改革开放的二十多年来,海外华人与祖国之间的往来达到了前所未有的地步。海外华人与祖籍地之间的社会、经济联系不仅得到了各级政府的鼓励,而且也受到了学术界的广泛关注。相比之下,海外华人如何介入其祖籍地——侨乡——的传统文化活动,或侨乡如何利用海外华人的影响来进行传统的复苏活动,则较少受到学术界的理论关怀。本文将以某些具体资料,以及笔者于1996-97年间从事其他课题在田野工作中的若干资料,来说明海外关系是如何作为一种社会资源在传统复兴与重塑的运动中起作用。

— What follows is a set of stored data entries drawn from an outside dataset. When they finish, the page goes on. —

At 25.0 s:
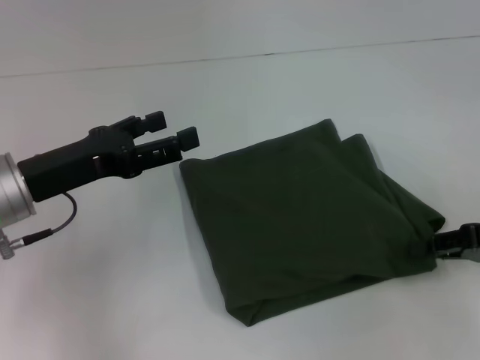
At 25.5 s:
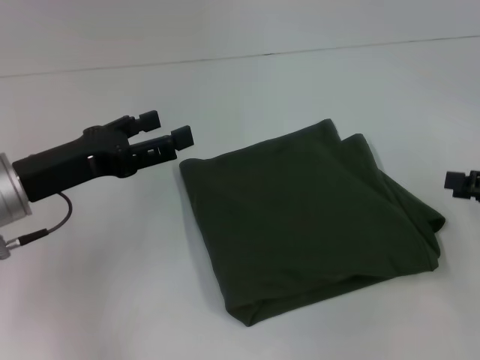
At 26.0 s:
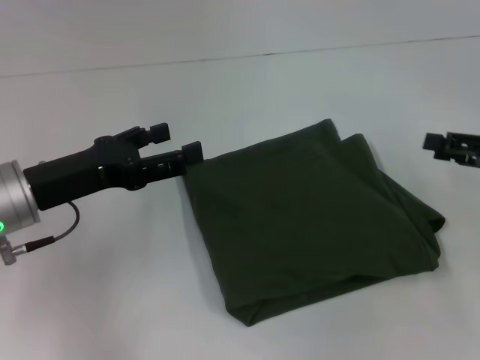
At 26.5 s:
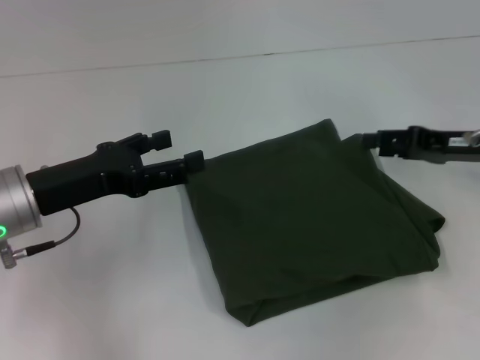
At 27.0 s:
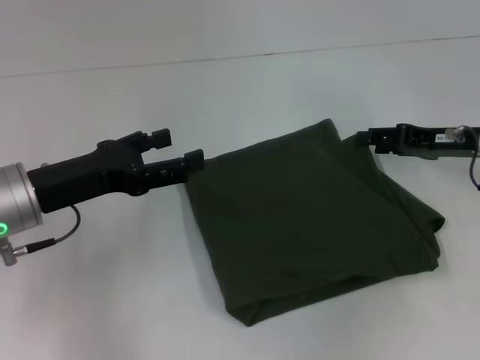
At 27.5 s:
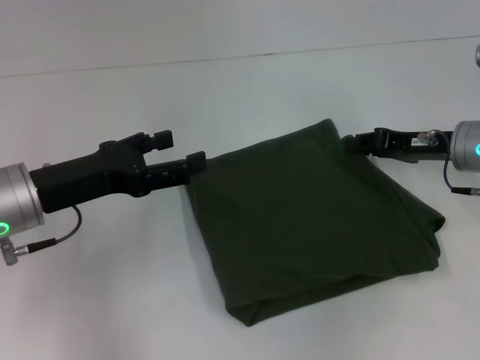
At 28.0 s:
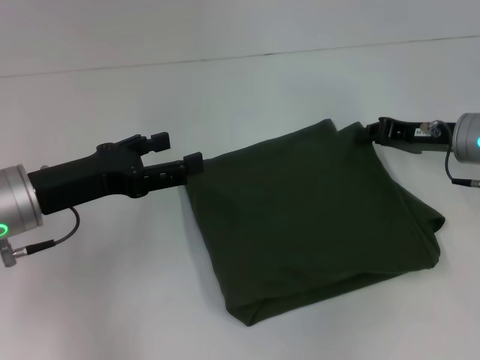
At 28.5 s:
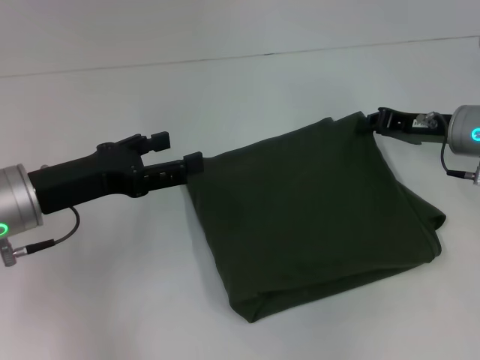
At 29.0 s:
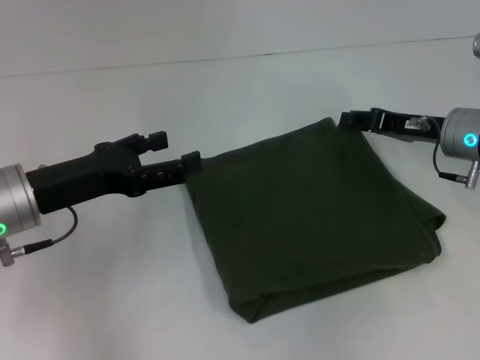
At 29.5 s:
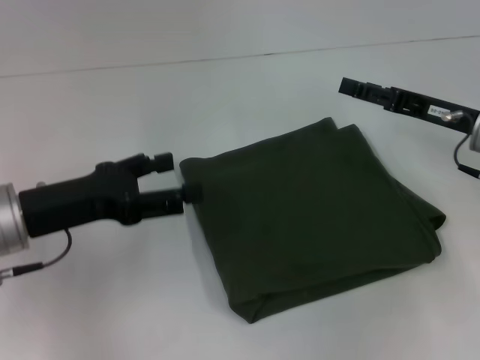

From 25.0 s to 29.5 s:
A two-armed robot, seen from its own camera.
From 25.0 s to 27.0 s: The right gripper shifts some 10 cm forward, and opens up.
From 27.0 s to 29.5 s: The right gripper closes, then reopens.

在一下的讨论中,我将首先把注意力投注在“海外关系”一词含义变化的理解上。在这一基础上,进一步将海外华人与祖籍地传统民俗振兴运动之间的互动理解为一种全球化的过程所带来的“怀乡”(nostalgia)的情绪与传统中国文化所具的人本欲望(humanisticaspiration)相互交织的产物。同时,我还将进一步指出,国家对一些以前视为“封建迷信活动”的容忍与海外华人的介入不无关联。虽然, 在实际操作中,近年来国家很少对这类行动进行干预,尤其在福建、广东地区。但是,海外华人的介入却无疑是一种类似于护身符的隐喻。换言之,在修复宗祠,新编族谱这类活动中,海外华人的介入不仅有经济上的实惠;更重要的是,它促使国家意识形态力量对传统做了让步。
一、“海外关系”:从污名到社会资本
“海外关系”一词所指涉的是某人与生活在国外的人具有某种亲友关系。虽然,“海外”(overseas)一词理应不包括港澳台三地(王赓武 1998),但在毛泽东时代,它实际上包括了这三个地区。有意思的是,这一术语外延的变化,恰恰反映了其作为一种污名和作为一种社会资本的转化过程。这一过程本身反映了改革开放以来发生在神州大地上的巨大变迁。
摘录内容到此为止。